Patient Presentation
C.G., a 28 y/o female presents to the CNM/WHNP office complaining of
throbbing breast pain, breast swelling, and redness on her left breast for
3 days along with fever, fatigue, and chills since yesterday morning. Pt
HX is significant for a spontaneous vaginal delivery 3 weeks ago to a
full-term 8lb 6oz female infant. Pt has been breastfeeding her baby since
birth and expressed no difficulty with feeding until now. Pt temp is
100.6F with a heart rate of 95 and a BP of 122/86. Pt rates her breast
pain as a 5/10 at rest, but a 8/10 when breastfeeding. Pt explains that
because of the pain while breastfeeding on the left side she was mostly
feeding on the right side. Pt found some relief by placing warm compresses
on the left breast, but took 2 ibuprofen yesterday afternoon when the warm
compresses no longer helped the pain.
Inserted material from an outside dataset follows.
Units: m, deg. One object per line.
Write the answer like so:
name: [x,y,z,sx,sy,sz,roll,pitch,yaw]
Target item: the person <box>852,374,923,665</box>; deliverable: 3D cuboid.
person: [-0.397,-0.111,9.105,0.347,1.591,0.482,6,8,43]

Pt reports cracks on the nipples of
the left breast beginning 1 week ago.
Differential List
Diagnosis
Examination of both breasts showed a hot, painful, and erythematous lobule
in the upper left outer quadrant of the left breast. Small amounts of
purulent discharge was noted. Subscapular and brachial lymph nodes on the
left side were inflamed, palpable, mobile and non-tender.
The final Dx was mastitis of the left breast. A culture of the nipple
discharge was taken which revealed the presence of Staphylococcus aureus.
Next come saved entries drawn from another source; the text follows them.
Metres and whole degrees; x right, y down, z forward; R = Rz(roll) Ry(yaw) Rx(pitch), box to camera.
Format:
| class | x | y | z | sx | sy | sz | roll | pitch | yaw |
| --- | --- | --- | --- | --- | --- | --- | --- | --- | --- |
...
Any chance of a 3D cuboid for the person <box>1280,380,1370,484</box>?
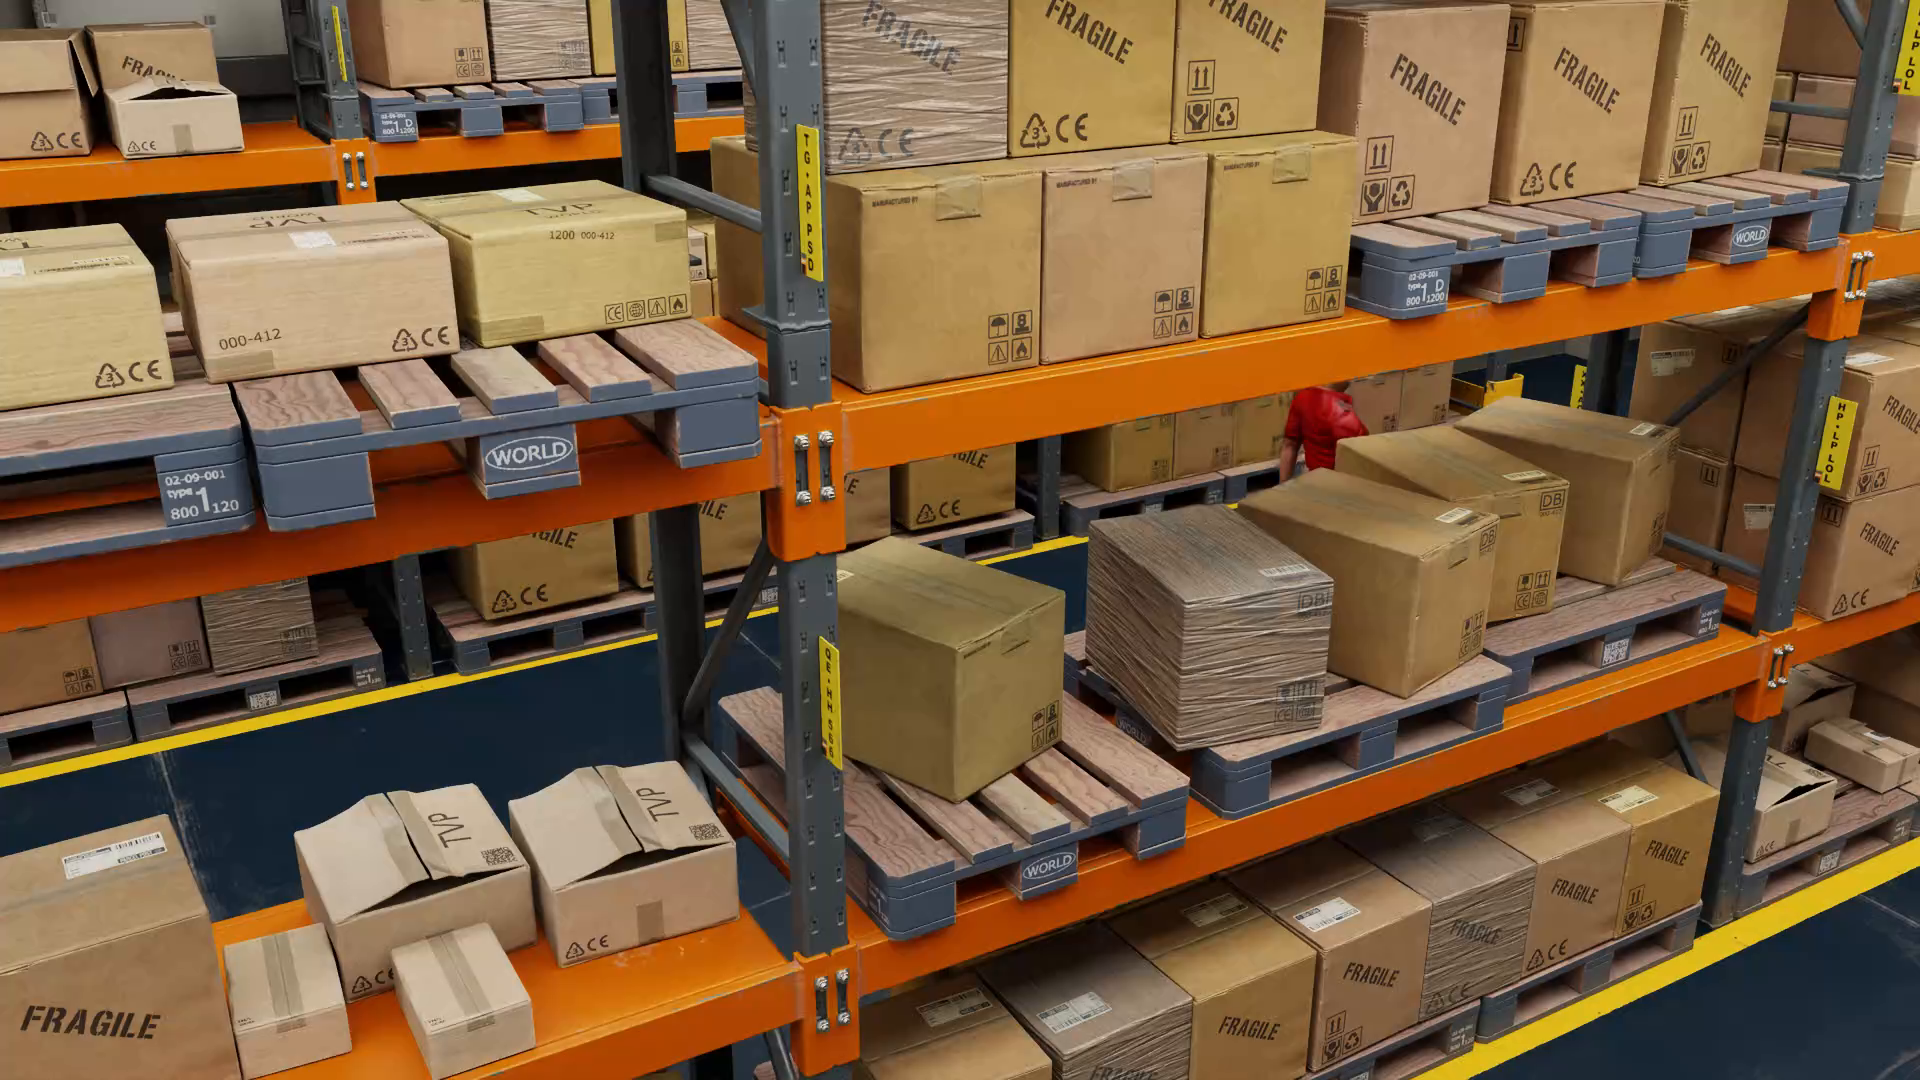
| class | x | y | z | sx | sy | sz | roll | pitch | yaw |
| --- | --- | --- | --- | --- | --- | --- | --- | --- | --- |
| person | 2.074 | -0.208 | 8.903 | 0.896 | 1.712 | 0.534 | -5 | 22 | -13 |

Pt is expected to feel reduced symptoms within 2-3 days with a course of
antibiotics and full recovery is expected. Pt will also receive teaching
regarding methods to prevent recurrence.
Treatment
Dicloxacillin 250mg q 6 hr for 10 days. Administer on an empty stomach and
with a full glass of water. Pt must finish complete dosage of medication.
Acetaminophen PRN for pain and fever reduction
Apply warm compresses to the affected breast PRN especially before
breastfeeding. If possible, continue breastfeeding on both sides,
especially on the affected side. Pumping of both breasts is encouraged to
avoid engorgement and maintain lactation. Pt was encouraged to get
adequate rest and increase hydration.
Patient teaching included personal hygiene – washing hands before
breastfeeding, letting breasts air dry, wearing a supportive bra,
beginning breastfeeding on the affected side, and feeding the infant
frequently to empty the breast. Mother was told the early signs of
potential infection: nipple redness and cracked nipples and to help avoid
them by keeping the nipples moist with lanolin. Mother was reassured that
feeding her infant from this breast will not harm the infant and is
encouraged.
Outcome
Patient fully recovered and experienced reduced symptoms within 2 days. Pt
reported continued breastfeeding without problems.